Neil Quilter

No. 58, 65
- Position: Offensive guard

Personal information
- Born: August 24, 1956 (age 70) Vancouver, British Columbia, Canada
- Listed height: 6 ft 2 in (1.88 m)
- Listed weight: 250 lb (113 kg)

Career information
- High school: Notre Dame (Vancouver)
- University: UBC
- CFL draft: 1978: 1st round, 6th overall pick

Career history
- Winnipeg Blue Bombers (1978)*; Saskatchewan Roughriders (1979–1986); Winnipeg Blue Bombers (1987);
- * Offseason or practice squad member only

= Neil Quilter =

Canadian football player (born 1956)

Neil Quilter (born August 24, 1956) is a Canadian former professional football offensive guard who played nine seasons in the Canadian Football League (CFL) with the Saskatchewan Roughriders and Winnipeg Blue Bombers. He played college football at Weber State College and the University of British Columbia.

==Early life and college==
Neil Quilter was born on August 24, 1956, in Vancouver, British Columbia. For high school, he attended Notre Dame Regional Secondary School in Vancouver.

Quilter first played three years of college football for the Weber State Wildcats of Weber State College. In 1977, he played his final year of college football with the UBC Thunderbirds of the University of British Columbia.

==Professional career==
Quilter was selected by the Montreal Alouettes in the first round, with the sixth overall pick, of the 1978 CFL draft. He did not report to the Alouettes after turning down their contract offer. Montreal head coach Bob Geary said "I offered him a good base salary, a signing bonus and the contract was for two years." In June 1978, it was reported that Quilter had changed his mind and would report to Montreal. However, in August 1978, he signed a five-day trial with the Winnipeg Blue Bombers.
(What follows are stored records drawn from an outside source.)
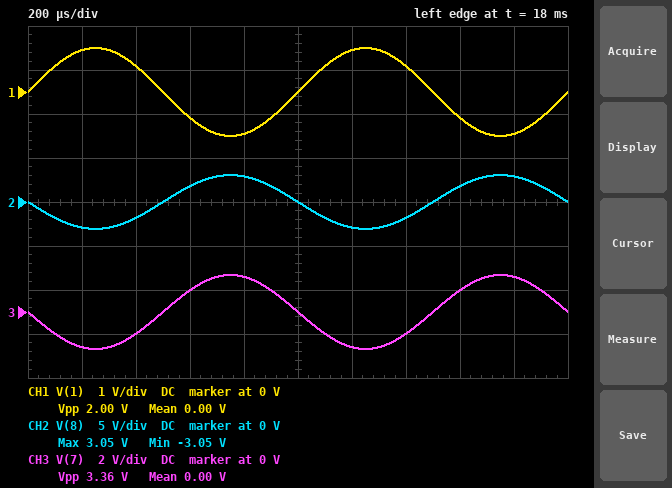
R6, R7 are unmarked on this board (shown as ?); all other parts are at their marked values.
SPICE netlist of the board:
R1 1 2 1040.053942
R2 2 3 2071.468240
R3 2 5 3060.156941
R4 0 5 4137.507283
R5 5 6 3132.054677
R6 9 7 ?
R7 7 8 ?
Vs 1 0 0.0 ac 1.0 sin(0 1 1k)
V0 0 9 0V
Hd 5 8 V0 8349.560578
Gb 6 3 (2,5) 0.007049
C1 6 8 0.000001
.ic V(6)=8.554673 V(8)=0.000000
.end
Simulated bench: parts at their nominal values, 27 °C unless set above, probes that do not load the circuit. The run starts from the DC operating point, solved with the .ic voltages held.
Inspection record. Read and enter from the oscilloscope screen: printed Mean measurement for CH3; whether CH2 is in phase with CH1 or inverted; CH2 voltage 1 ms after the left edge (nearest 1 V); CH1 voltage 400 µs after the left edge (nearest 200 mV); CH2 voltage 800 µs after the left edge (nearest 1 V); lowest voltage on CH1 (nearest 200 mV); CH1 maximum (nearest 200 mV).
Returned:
0.00 V
inverted
0 V
600 mV
3 V
-1.0 V
1.0 V
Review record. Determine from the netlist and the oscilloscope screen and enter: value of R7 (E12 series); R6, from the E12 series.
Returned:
2.7 kΩ
3.3 kΩ
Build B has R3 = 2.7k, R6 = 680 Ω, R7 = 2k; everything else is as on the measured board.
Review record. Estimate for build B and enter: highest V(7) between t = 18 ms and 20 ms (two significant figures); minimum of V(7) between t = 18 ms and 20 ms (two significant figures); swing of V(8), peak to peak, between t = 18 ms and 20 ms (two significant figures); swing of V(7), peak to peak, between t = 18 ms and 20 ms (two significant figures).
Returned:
110 mV
-110 mV
890 mV
230 mV
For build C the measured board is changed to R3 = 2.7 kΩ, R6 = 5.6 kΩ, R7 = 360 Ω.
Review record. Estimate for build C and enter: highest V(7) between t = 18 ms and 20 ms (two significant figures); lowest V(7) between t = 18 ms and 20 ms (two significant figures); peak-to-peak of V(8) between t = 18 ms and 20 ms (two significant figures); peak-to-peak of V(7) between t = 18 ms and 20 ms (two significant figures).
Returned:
2.8 V
-2.8 V
5.9 V
5.6 V

Quilter signed with the Saskatchewan Roughriders in 1979. He became a starter during his rookie year in 1979. He was temporarily suspended from the team in 1982 after trying to hold out for more money by not reporting to training camp. He ended up dressing in 13 games during the 1982 eeason. Quilter requested a trade in July 1984, stating that he was tired of losing. He missed most of the 1984 season due to a broken leg. He dressed in 11 games in 1986 and was diagnosed with turf toe during the season. However, he played through the pain, causing his big toe to become swollen and arthritic. It required surgery, causing him to miss the rest of the season and putting his career in doubt. Quilter dressed in 106 games overall for the Roughriders from 1979 to 1986. He was released by Saskatchewan on May 19, 1987, after refusing to take a paycut.

In June 1987, Quilter signed with the Blue Bombers during training camp after Richard Nemeth suffered a season-ending injury. Quilter played in the first game of the season, and then left the team without telling anyone. His toe injury from the year before had reportedly still been bothering him. Quilter was placed on Winnipeg's suspended list. On July 21, Blue Bombers players hung his helmet and uniform above the Winnipeg Stadium scoreboard on a flagpole during practice.

==Personal life==
Quilter lived in Texas during the CFL offseasons. His father, Chuck Quilter, played in the NFL and CFL.